ISPR book Indo- Pakistan War 1965 – A flashback

Indo- Pakistan War1965 is not just a war for Pakistanis—rather a source of inspiration for generations to come and a message to our enemies that how could we and how would we– respond to any aggression. I strongly believe that the process of Dhaka Fall started just after ruthless defeat of India in 1965 war and Indians who could not defeat us at borders engineered a “defeat” within our lands. We lost 1971 war but that defeat was not an armed defeat rather a defeat of arrogance of certain political as well as military personalities— a defeat that was brought by error of judgments and of course a defeat of those who were not ready to accept realities.

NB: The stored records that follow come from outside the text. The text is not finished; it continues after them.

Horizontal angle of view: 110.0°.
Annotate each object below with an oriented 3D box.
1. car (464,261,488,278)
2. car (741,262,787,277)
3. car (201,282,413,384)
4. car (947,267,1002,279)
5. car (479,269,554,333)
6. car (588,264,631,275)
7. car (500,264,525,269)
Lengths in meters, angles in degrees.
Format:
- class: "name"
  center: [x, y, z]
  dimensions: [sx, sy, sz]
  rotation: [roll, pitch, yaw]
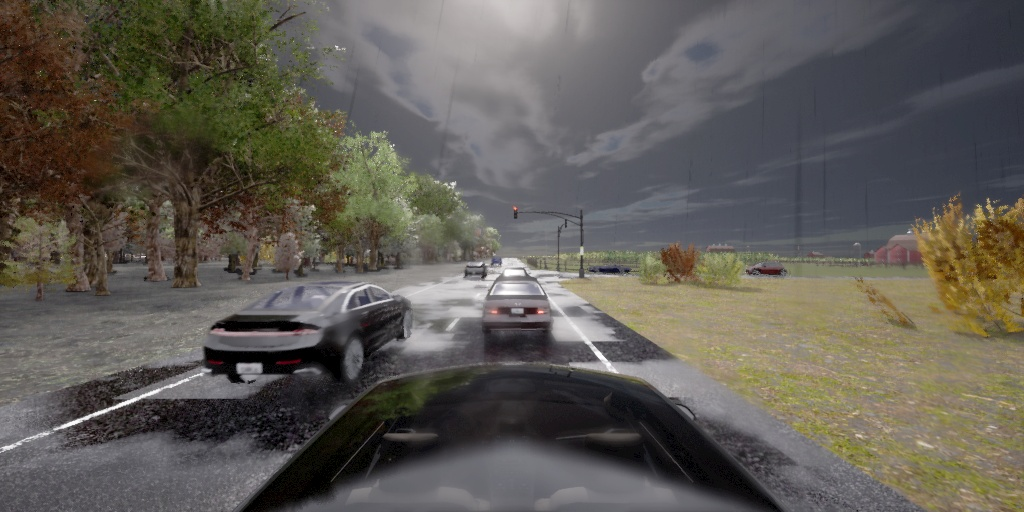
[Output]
- class: "car"
  center: [-3.329, 1.249, 33.757]
  dimensions: [2.128, 1.511, 4.902]
  rotation: [0, 0, 0]
- class: "car"
  center: [29.377, 1.480, 41.999]
  dimensions: [4.553, 1.767, 2.097]
  rotation: [1, -1, 0]
- class: "car"
  center: [-3.390, 1.242, 7.061]
  dimensions: [2.128, 1.511, 4.902]
  rotation: [0, 0, 0]
- class: "car"
  center: [48.670, 1.825, 38.258]
  dimensions: [5.357, 1.411, 2.033]
  rotation: [1, -1, 1]
- class: "car"
  center: [0.121, 1.300, 10.682]
  dimensions: [2.033, 1.411, 5.357]
  rotation: [0, 0, 0]
- class: "car"
  center: [11.476, 1.539, 42.502]
  dimensions: [4.718, 1.301, 1.895]
  rotation: [1, -1, 6]
- class: "car"
  center: [0.144, 1.318, 19.922]
  dimensions: [1.994, 1.385, 4.181]
  rotation: [0, 0, 0]
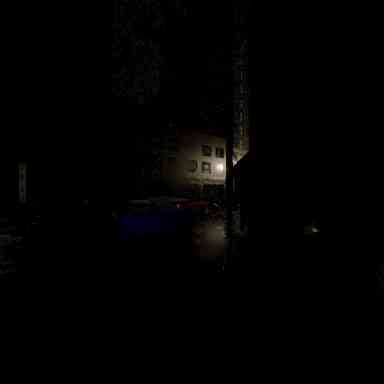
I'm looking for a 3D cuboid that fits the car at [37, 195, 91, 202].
[{"bbox_3d":[-8.360,1.123,20.420,2.192,1.841,5.009,1,1,35],"label":"car"}]

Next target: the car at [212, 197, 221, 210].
[{"bbox_3d":[1.401,1.166,34.130,1.947,1.339,4.313,1,2,35],"label":"car"}]

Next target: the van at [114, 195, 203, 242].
[{"bbox_3d":[-1.417,1.208,15.475,1.690,1.788,3.998,1,1,35],"label":"van"}]

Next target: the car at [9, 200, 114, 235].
[{"bbox_3d":[-6.646,1.383,18.253,2.033,1.411,5.357,0,1,36],"label":"car"}]

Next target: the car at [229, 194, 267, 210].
[{"bbox_3d":[6.143,1.054,36.190,2.128,1.511,4.902,0,1,36],"label":"car"}]

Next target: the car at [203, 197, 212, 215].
[{"bbox_3d":[-0.671,1.061,26.641,2.097,1.767,4.553,0,1,35],"label":"car"}]

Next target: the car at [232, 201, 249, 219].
[{"bbox_3d":[5.090,1.280,24.614,2.008,1.369,4.403,1,1,35],"label":"car"}]
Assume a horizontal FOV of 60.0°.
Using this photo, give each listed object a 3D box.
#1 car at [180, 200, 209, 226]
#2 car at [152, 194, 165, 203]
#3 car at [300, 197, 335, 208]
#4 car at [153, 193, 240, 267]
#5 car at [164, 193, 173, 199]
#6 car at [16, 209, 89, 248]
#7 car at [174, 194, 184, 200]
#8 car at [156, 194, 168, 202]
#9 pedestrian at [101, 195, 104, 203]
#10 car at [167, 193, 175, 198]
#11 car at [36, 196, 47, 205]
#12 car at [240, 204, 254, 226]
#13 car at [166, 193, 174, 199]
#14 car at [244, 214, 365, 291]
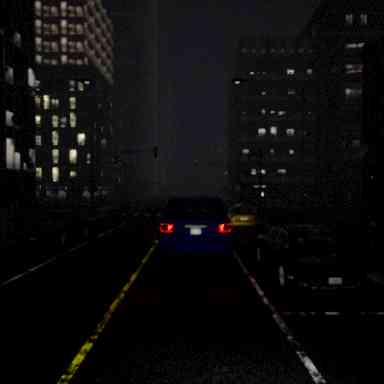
[{"bbox_3d":[0.097,1.377,23.124,1.812,1.442,4.674,0,0,-2],"label":"car"},{"bbox_3d":[-5.706,1.159,57.773,1.752,1.417,4.829,-1,0,0],"label":"car"},{"bbox_3d":[16.311,1.358,43.123,4.403,1.369,2.008,0,1,1],"label":"car"},{"bbox_3d":[0.095,1.141,11.319,2.150,2.045,5.566,0,-1,0],"label":"car"},{"bbox_3d":[-5.707,1.038,80.560,1.887,1.381,4.507,-1,0,0],"label":"car"},{"bbox_3d":[-5.833,1.452,14.402,1.887,1.381,4.507,-1,0,0],"label":"car"},{"bbox_3d":[-3.004,1.067,77.165,1.994,1.385,4.181,0,0,0],"label":"car"},{"bbox_3d":[-5.706,1.164,63.597,1.947,1.339,4.313,-1,0,0],"label":"car"},{"bbox_3d":[-12.551,1.014,46.465,0.500,1.100,0.500,0,1,1],"label":"pedestrian"},{"bbox_3d":[-5.707,0.968,91.869,1.887,1.381,4.507,-1,0,0],"label":"car"},{"bbox_3d":[-21.664,1.006,43.617,4.829,1.417,1.752,1,1,1],"label":"car"},{"bbox_3d":[2.805,1.396,20.159,1.752,1.417,4.829,-1,0,0],"label":"car"},{"bbox_3d":[-5.706,1.040,86.215,1.802,1.307,4.206,-1,0,0],"label":"car"},{"bbox_3d":[2.806,1.494,8.701,2.008,1.369,4.403,-1,0,0],"label":"car"}]
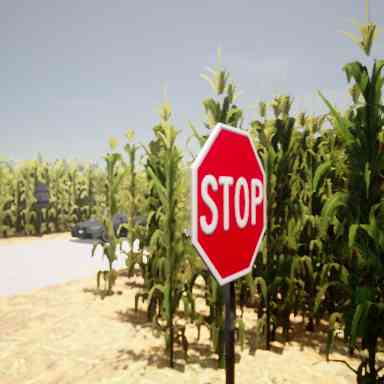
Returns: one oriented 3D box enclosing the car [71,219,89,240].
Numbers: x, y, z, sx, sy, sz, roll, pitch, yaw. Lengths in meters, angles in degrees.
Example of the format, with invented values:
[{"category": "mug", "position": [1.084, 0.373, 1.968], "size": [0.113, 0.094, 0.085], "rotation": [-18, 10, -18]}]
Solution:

I shall never forget that my late father kept weeping for days after Dhaka Fall though he had no financial, social or personal linkages with former East Pakistan. He was a simple businessman having no military background but he was weeping for days because his country lost one of its part and because thousands of Pakistanis (Bangladesh was part of Pakistan till the last second it announced its independence) were killed, women were raped and children were massacred. I remembered my elders could not eat dinner that night when they got news from BBC Radio about massacre in Dhaka University —-much before actual Fall of Dhaka.

I was born on August 16, 1965 —almost the same week when India was trying to encircling us. I was raised with feeling of honour that my armed forces, my country and my city of Lahore ruined and crushed Indian arrogance “Ruthlessly”.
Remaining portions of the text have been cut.